Me he puesto la camiseta negra de Aphex Twin. En un primer momento me ha apetecido llevarla; luego me he inhibido, pensando que era pretencioso llevar una camiseta de Aphex a una performance en el Liceu; luego me he dicho que qué más da y me la he puesto. Los demás no piensan en nosotros tanto como creemos.
Pido una copa de vino blanco en El Cafè de l’Òpera mientras espero a X. La decoración es espléndida, pero, sobre las mesas, unas cartas plastificadas y con espiral desentonan completamente con el resto (¿qué habría costado encargar unas cubiertas mate que imitaran la piel?); un solo detalle cutre es suficiente para romper la armonía del conjunto.
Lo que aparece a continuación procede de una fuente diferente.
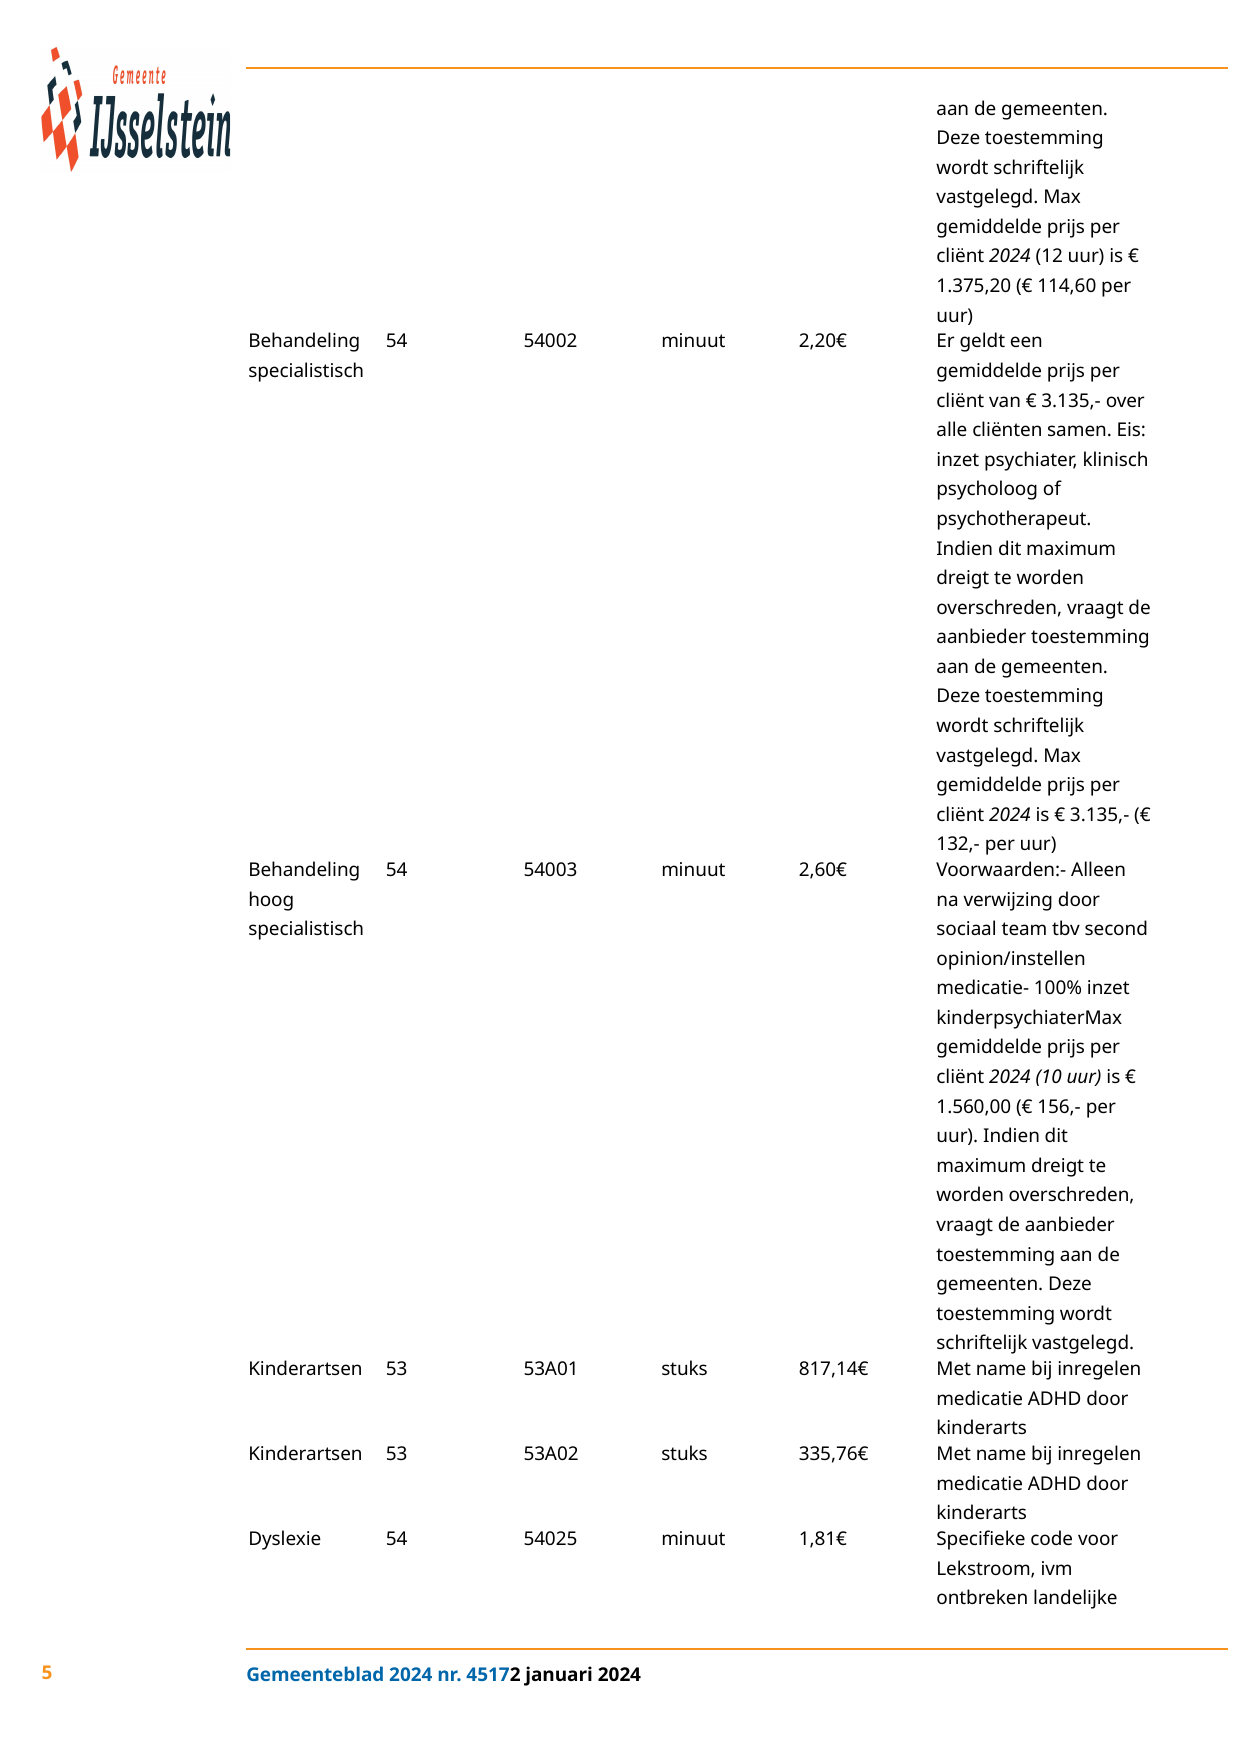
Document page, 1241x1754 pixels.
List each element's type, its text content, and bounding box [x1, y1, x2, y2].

picture [41, 47, 231, 172]
table_cell Voorwaarden:- Alleen na verwijzing door sociaal team tbv second opinion/instellen medicatie- 100% inzet kinderpsychiaterMax gemiddelde prijs per cliënt 2024 (10 uur) is € 1.560,00 (€ 156,- per uur). Indien dit maximum dreigt te worden overschreden, vraagt de aanbieder toestemming aan de gemeenten. Deze toestemming wordt schriftelijk vastgelegd. [936, 856, 1152, 1355]
table_cell Dyslexie [248, 1525, 386, 1610]
table_cell 54 [386, 1525, 523, 1610]
table_cell 54 [386, 856, 523, 1355]
table_cell 53A01 [523, 1355, 661, 1440]
table_cell 54002 [523, 328, 661, 856]
table_cell 54003 [523, 856, 661, 1355]
table_cell 53 [386, 1440, 523, 1525]
table_cell 1,81€ [799, 1525, 936, 1610]
table_cell Met name bij inregelen medicatie ADHD door kinderarts [936, 1440, 1152, 1525]
table_cell minuut [661, 328, 798, 856]
table_cell minuut [661, 1525, 798, 1610]
table_cell Kinderartsen [248, 1355, 386, 1440]
table_cell [386, 95, 523, 328]
table_cell Behandeling specialistisch [248, 328, 386, 856]
table_cell 817,14€ [799, 1355, 936, 1440]
table_cell Met name bij inregelen medicatie ADHD door kinderarts [936, 1355, 1152, 1440]
table_cell [661, 95, 798, 328]
table_cell Behandeling hoog specialistisch [248, 856, 386, 1355]
table_cell Er geldt een gemiddelde prijs per cliënt van € 3.135,- over alle cliënten samen. Eis: inzet psychiater, klinisch psycholoog of psychotherapeut. Indien dit maximum dreigt te worden overschreden, vraagt de aanbieder toestemming aan de gemeenten. Deze toestemming wordt schriftelijk vastgelegd. Max gemiddelde prijs per cliënt 2024 is € 3.135,- (€ 132,- per uur) [936, 328, 1152, 856]
table_cell stuks [661, 1355, 798, 1440]
table_cell stuks [661, 1440, 798, 1525]
table_cell minuut [661, 856, 798, 1355]
table_cell [523, 95, 661, 328]
table_cell 53 [386, 1355, 523, 1440]
table_cell 54025 [523, 1525, 661, 1610]
table_cell [248, 95, 386, 328]
table_cell 53A02 [523, 1440, 661, 1525]
table_cell 2,20€ [799, 328, 936, 856]
table_cell Kinderartsen [248, 1440, 386, 1525]
table_cell 335,76€ [799, 1440, 936, 1525]
table_cell Specifieke code voor Lekstroom, ivm ontbreken landelijke [936, 1525, 1152, 1610]
table_cell aan de gemeenten. Deze toestemming wordt schriftelijk vastgelegd. Max gemiddelde prijs per cliënt 2024 (12 uur) is € 1.375,20 (€ 114,60 per uur) [936, 95, 1152, 328]
table_cell 54 [386, 328, 523, 856]
table_cell [799, 95, 936, 328]
table_cell 2,60€ [799, 856, 936, 1355]

Once de la noche. Bajo mi ventana, por la calle, oigo que pasa un grupo de señoras. Por su voz deduzco que deben ser bastante mayores. Se les nota animadas. «Mientras podamos, lo seguiremos haciendo, ¿eh?», dice una, como empezándose a despedir. «Nena, ¿pero dónde te has ido a aparcar el coche?», se ríe otra. El entusiasmo que muestran pese a la hora que es –han olvidado el cansancio del cuerpo–, el llamar nena a tu amiga aunque ambas ya tengáis setenta años… Una lección. En pocos segundos han llenado mi noche de viernes.